当前位置:网站首页>Sampling strategy and decoding strategy based on seq2seq text generation

Sampling strategy and decoding strategy based on seq2seq text generation

2022-06-25 08:29:00 Happy little yard farmer

be based on seq2seq Decoding of text generation 、 The sampling strategy ?

be based on Seq2Seq There are different ways to generate text for models decoding strategy. In text generation decoding strategy It can be divided into two categories :

  • Argmax Decoding: It mainly includes beam search, class-factored softmax etc.
  • Stochastic Decoding: It mainly includes temperature sampling, top-k sampling etc. .

stay Seq2Seq In the model ,RNN Encoder Code the input sentences , Generate a fixed size hidden state h c h_c hc ; Based on the input sentence hidden state h c h_c hc And the previously generated 1 To t-1 Word x 1 : t − 1 x_{1:t-1} x1:t1,RNN Decoder Will generate the current second t One word hidden state h t h_t ht , Finally through softmax Function to get the second t Word x t x_t xt Of vocabulary probability distribution P ( x ∣ x 1 : t − 1 ) P(x|x_{1:t-1}) P(xx1:t1).

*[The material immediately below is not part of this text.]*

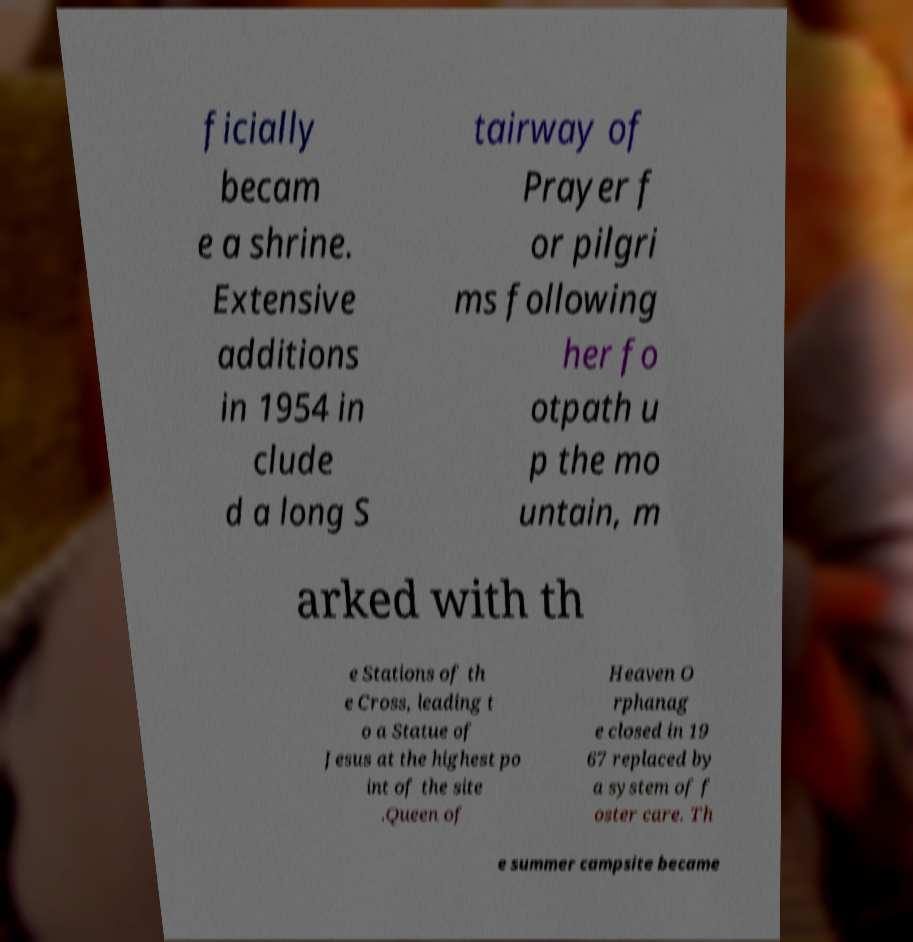Please read and relay the text visible in this image. What does it say? ficially becam e a shrine. Extensive additions in 1954 in clude d a long S tairway of Prayer f or pilgri ms following her fo otpath u p the mo untain, m arked with th e Stations of th e Cross, leading t o a Statue of Jesus at the highest po int of the site .Queen of Heaven O rphanag e closed in 19 67 replaced by a system of f oster care. Th e summer campsite became

Two types of decoding strategy The main difference is , How to go from vocabulary probability distribution P ( x ∣ x 1 : t − 1 ) P(x|x_{1:t-1}) P(xx1:t1) Choose a word from x t x_t xt

  • Argmax Decoding The best way is to choose from the word list probability The biggest word , namely x t = a r g m a x P ( x ∣ x 1 : t − 1 ) x_t=argmax\quad P(x|x_{1:t-1}) xt=argmaxP(xx1:t1) ;
  • Stochastic Decoding Is based on probability distribution P ( x ∣ x 1 : t − 1 ) P(x|x_{1:t-1}) P(xx1:t1) Random sample A word x t x_t xt, namely x t ∼ P ( x ∣ x 1 : t − 1 ) x_t \sim P(x|x_{1:t-1}) xtP(xx1:t1) .

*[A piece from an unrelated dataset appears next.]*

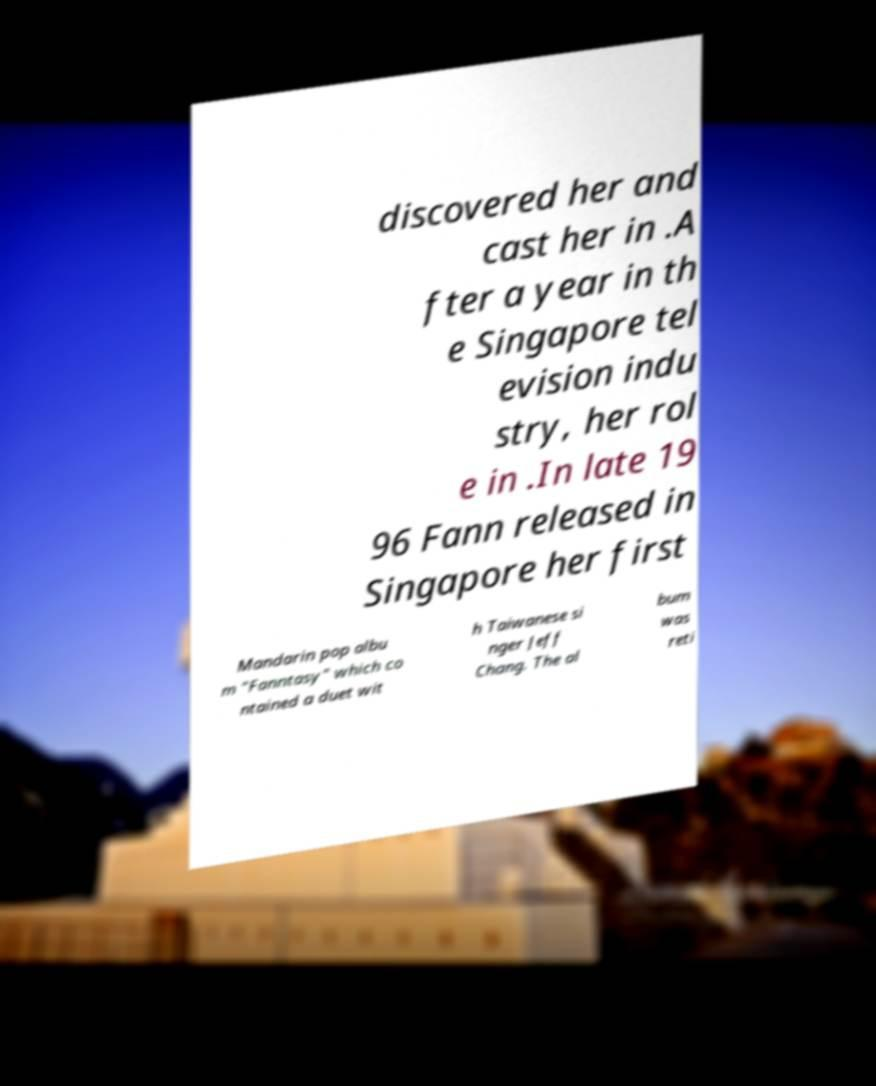Please identify and transcribe the text found in this image. discovered her and cast her in .A fter a year in th e Singapore tel evision indu stry, her rol e in .In late 19 96 Fann released in Singapore her first Mandarin pop albu m "Fanntasy" which co ntained a duet wit h Taiwanese si nger Jeff Chang. The al bum was reti

Doing it seq predcition when , We need to model every moment according to the hypothesis softmax The output probability of sample word , Appropriate sample Methods may achieve more effective results .

1. Greedy sampling

1.1 Greedy Search

The core idea : Take the most probable result at each step , As a result .

The specific methods : Get the newly generated word is vocab The probability of each word in , take argmax As a word vector index to be generated , Then the latter word is generated .

1.2 Beam Search

The core idea :beam search Try to optimize the search space on the basis of breadth first ( It's like pruning ) Achieve the purpose of reducing memory consumption .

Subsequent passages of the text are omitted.